Xilinx provides the Xilinx PCIe Express PHY to enable the utilization of Soft IP instead of Hard IP to construct a PCIe MAC. The PCIe PHY utilizes the PHY Interface for PCI Express (PIPE) as its user interface. When operating with the NVMeG3 IP, the PCIe PHY is configured with a lane width of 4 and a Link speed of 8.0 GT/s. For more detailed information of the Xilinx PCIe PHY, please refer to the “PG239: PCI Express PHY” document, available at Xilinx website.

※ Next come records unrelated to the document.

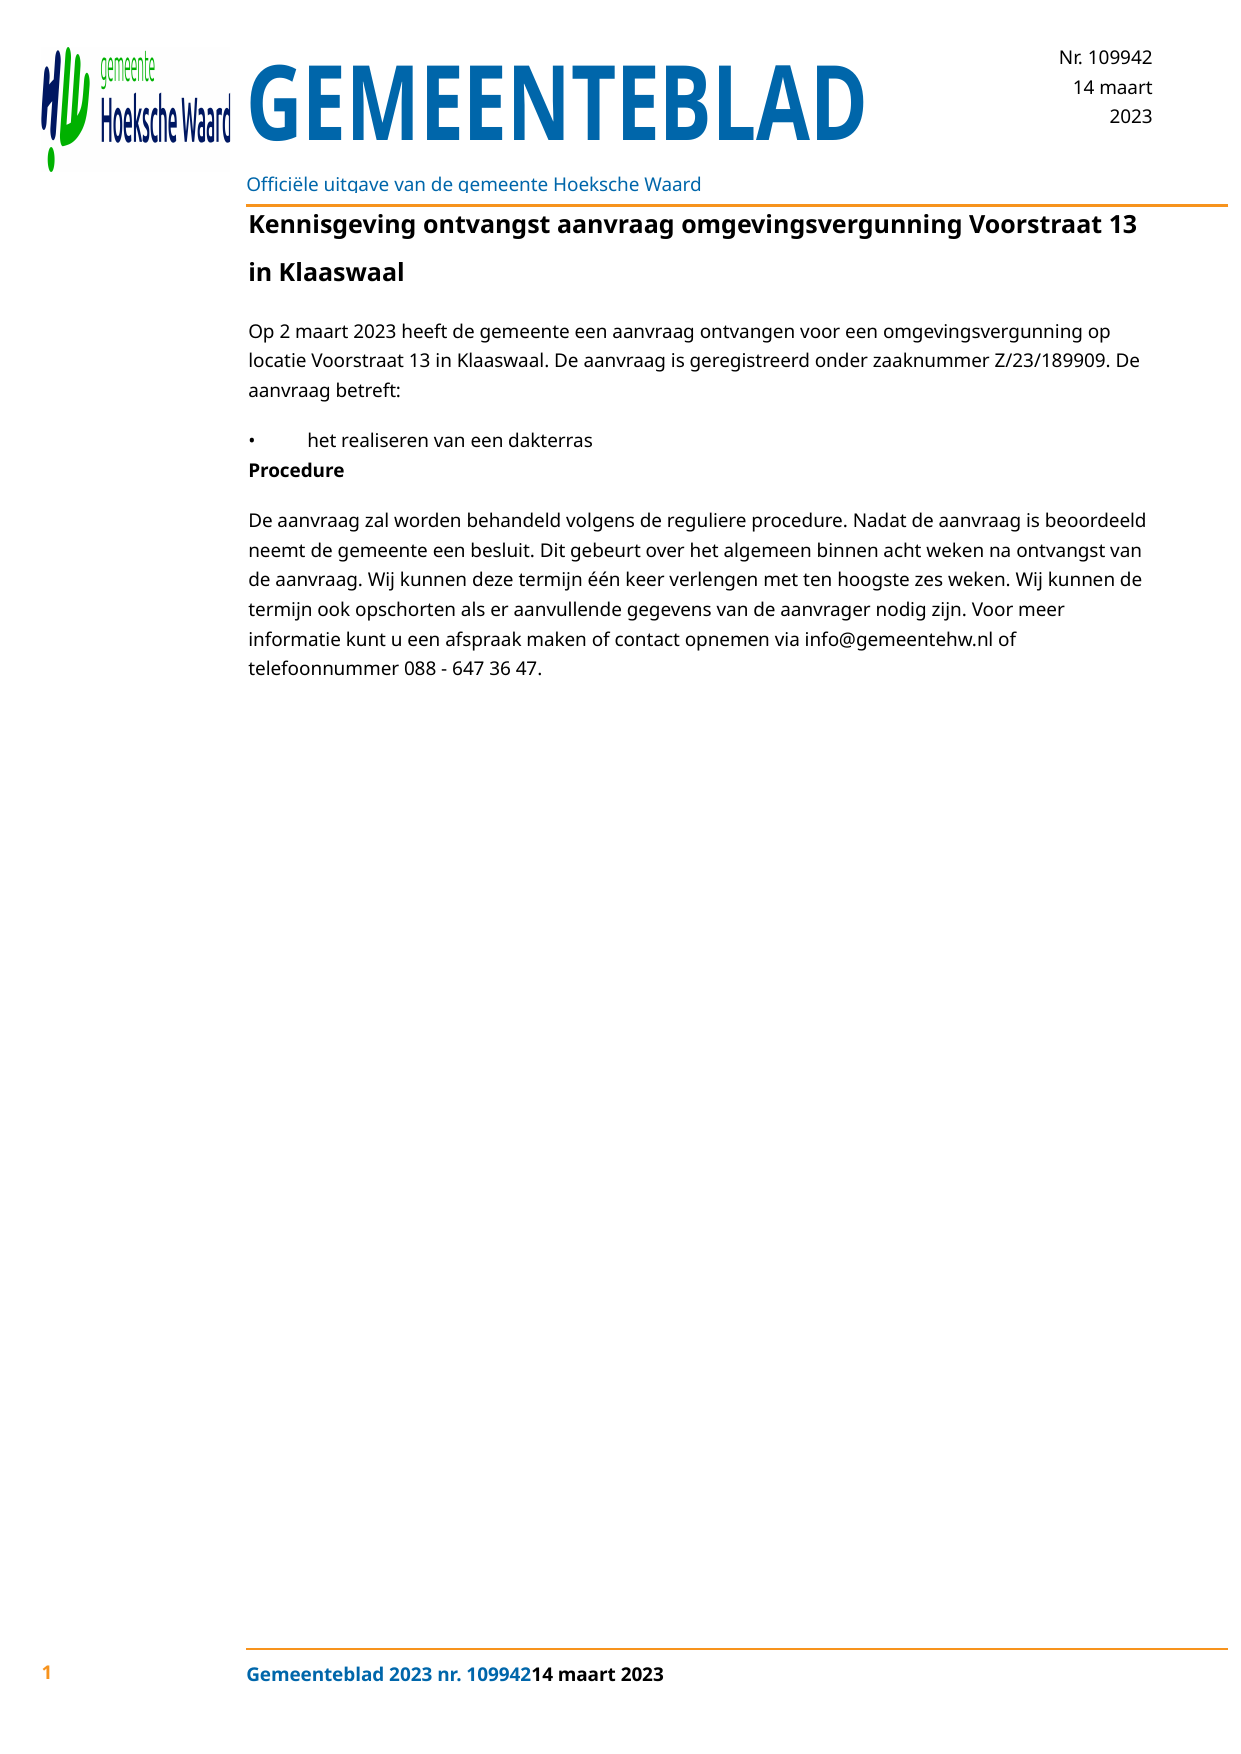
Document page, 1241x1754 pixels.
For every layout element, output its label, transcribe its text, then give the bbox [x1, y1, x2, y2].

text De aanvraag zal worden behandeld volgens de reguliere procedure. Nadat de aanvraag is beoordeeld neemt de gemeente een besluit. Dit gebeurt over het algemeen binnen acht weken na ontvangst van de aanvraag. Wij kunnen deze termijn één keer verlengen met ten hoogste zes weken. Wij kunnen de termijn ook opschorten als er aanvullende gegevens van de aanvrager nodig zijn. Voor meer informatie kunt u een afspraak maken of contact opnemen via info@gemeentehw.nl of telefoonnummer 088 - 647 36 47. [248, 507, 1152, 681]
text Kennisgeving ontvangst aanvraag omgevingsvergunning Voorstraat 13 in Klaaswaal [248, 207, 1152, 288]
text Procedure [248, 457, 1152, 483]
picture [41, 47, 231, 172]
list het realiseren van een dakterras [248, 427, 1152, 453]
text Op 2 maart 2023 heeft de gemeente een aanvraag ontvangen voor een omgevingsvergunning op locatie Voorstraat 13 in Klaaswaal. De aanvraag is geregistreerd onder zaaknummer Z/23/189909. De aanvraag betreft: [248, 318, 1152, 403]

https://docs.xilinx.com/r/en-US/pg239-pcie-phy

 

Figure 4: Block Diagram of Xilinx PCI Express PHY

 

Core I/O Signals

Descriptions of all I/O signals are provided in Table 3 and Table 4.

Table 3: User logic I/O Signals (Synchronous to Clk signal)

Signal

Dir

Description

Control I/F of dgIF typeS

RstB

In

Synchronous reset signal. Active low. De-asserts to 1b when Clk signal is stable.

Clk

In

System clock for running NVMeG3 IP. The frequency of this clock must be equal to or greater than the PhyClk (250 MHz for PCIe Gen3)

UserCmd[2:0]

In

User Command. Valid when UserReq=1b. The possible values are

000b: Identify, 001b: Shutdown, 010b: Write SSD, 011b: Read SSD,

100b: SMART/Secure Erase, 110b: Flush, 101b/111b: Reserved.

UserAddr[47:0]

In

Start address to write/read SSD in 512-byte unit. Valid when UserReq=1b.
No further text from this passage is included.